Most of the time I mosey along, happy to be working in and on my business, enjoying the freedom and control I have to do what I want – when I want.
But some days, I feel a creeping unease – something which for a long time I just thought of as ‘stress’, but for which I have now pinned down a more accurate term. In these moments, what I feel is the Tyranny of Being Finished.
You see, when you run your own business, there’s no such thing as ‘Finished’. There is always – always! – something more you could be doing.
I was always one of those kids who had their assignments done days ahead of the deadline. I liked to get things done. I never liked deadlines hanging over my head – being up against the wall always stressed me out.
And so, it is with some amusement that I come to see that I’ve chosen a career path that leaves me constantly running against deadlines – to get orders complete, to get *bespoke* to print on time (when I owned it), to get blog posts done and posted…
On the whole, the path I’ve chosen makes me very, very happy. I love being in charge. I love being in control. I love being able to dream up new ideas and then bring them into being, without someone telling me I can’t.
But I don’t love never being done.
I think this is why I have never enjoyed any sort of housework. In fact, I used to think at length about the futility of cleaning when I worked as a commercial cleaner during uni (one has to pay the bills somehow!). The fact that the cleaning was never, ever done – it was only temporarily suspended.
No doubt that old saying ‘a woman’s work is never done’ has popped into your head about now. When you have a job (disclaimer, not all jobs, and obviously this does not apply to most professions) you can go home at the end of the day and forget about it. At least, until tomorrow.
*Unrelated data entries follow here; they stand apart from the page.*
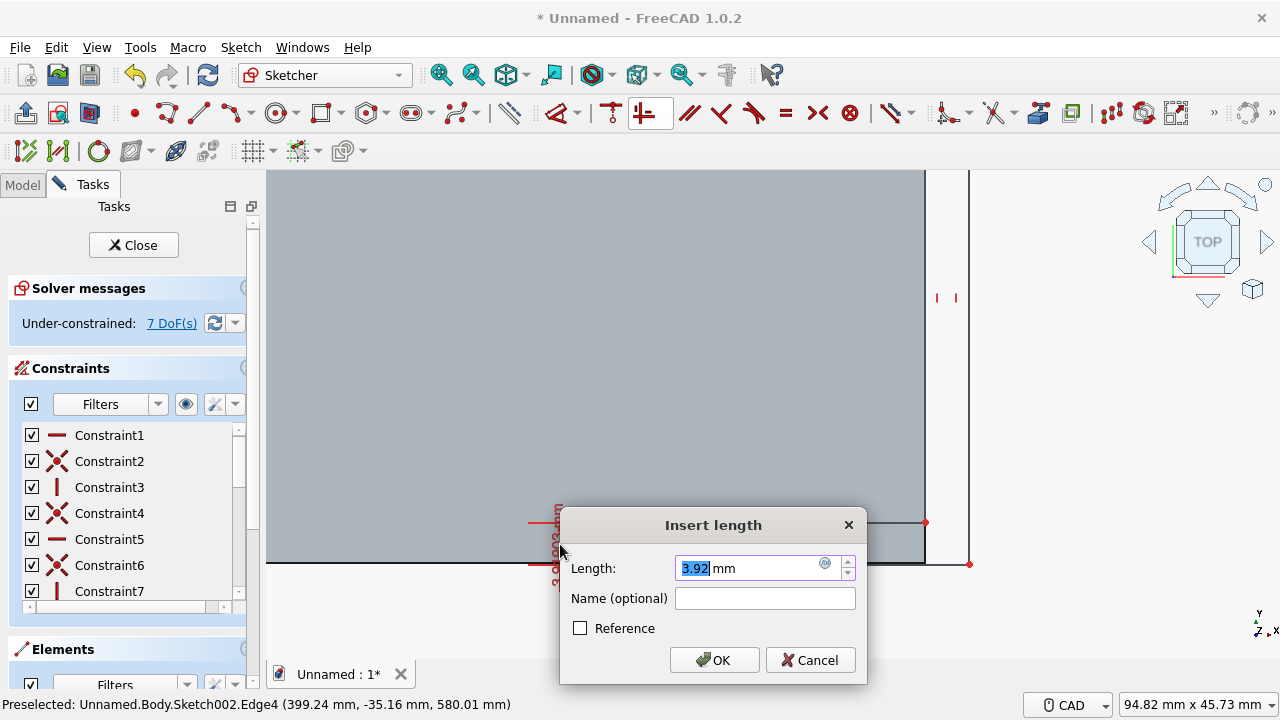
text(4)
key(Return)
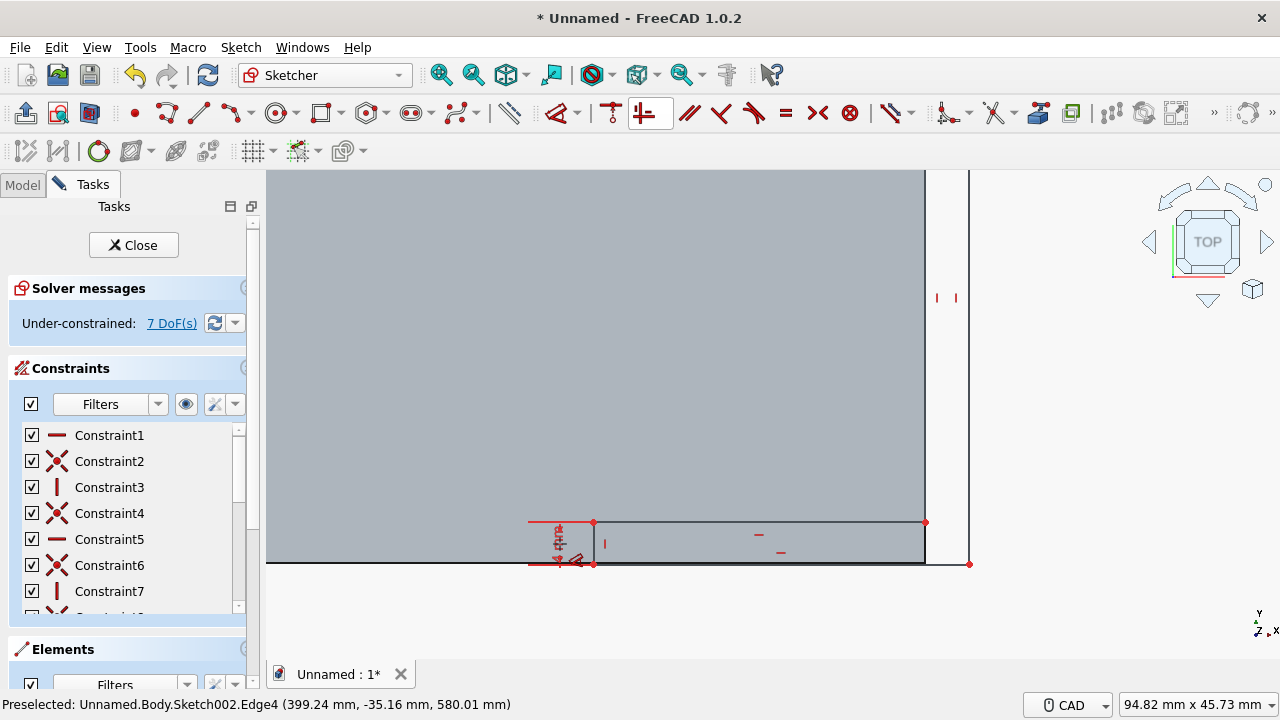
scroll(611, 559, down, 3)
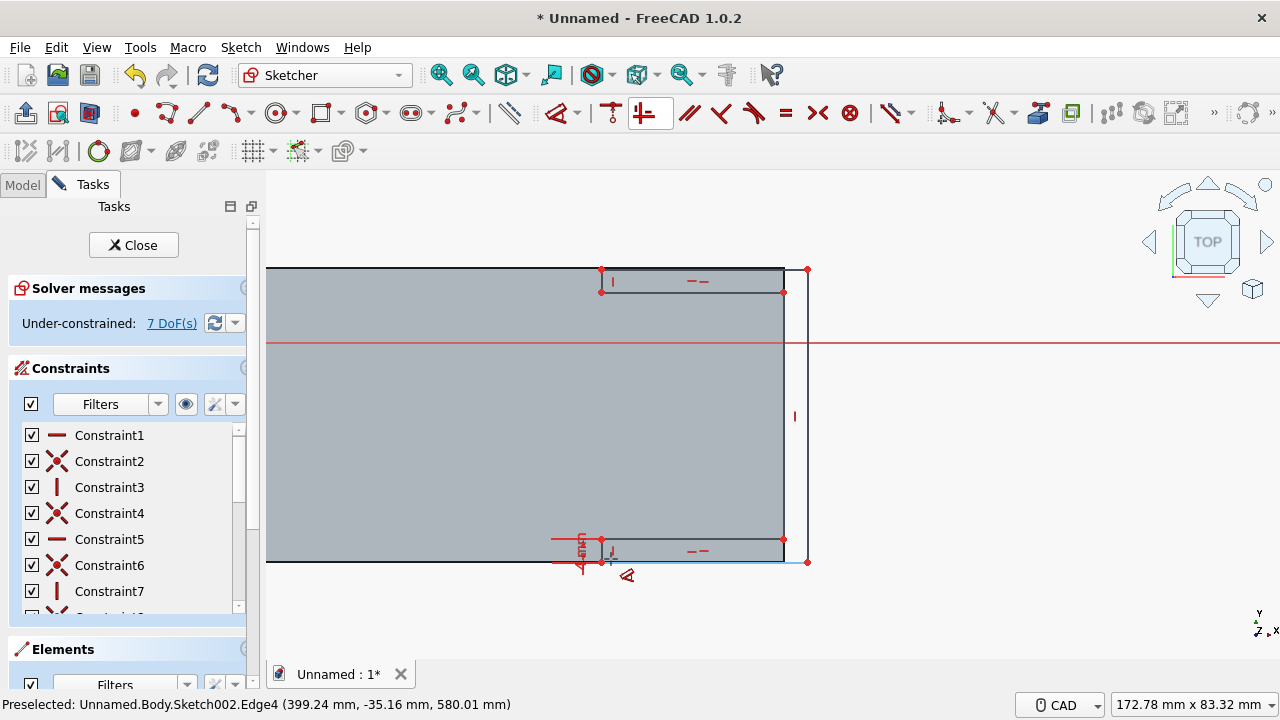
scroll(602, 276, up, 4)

For a few sweet hours, you have freedom.
I think the perfect example of this is school. When you were at school, or uni, those weeks that stretched between the end of one year and the start of the next were a kind of dream-world of freedom. No exams, no assignments, no work – just time stretching in front of you, to fill as you saw fit. At least, that was my experience! And oh, how I enjoyed that freedom…
However, I realise that ‘The Tyranny of Being Finished’ and I will need to make friends if I am to continue down this path I’ve started upon.
I need to be able to confront him at the end of the day and say “Enough! I’ve done enough, I’ve done my best, and that will have to do – at least for today.”
Then I can rest, and sleep, with the knowledge that tomorrow I will pick up where I left off, and continue to do so into infinity… without fear.
Do you battle with the Tyranny of Being Finished?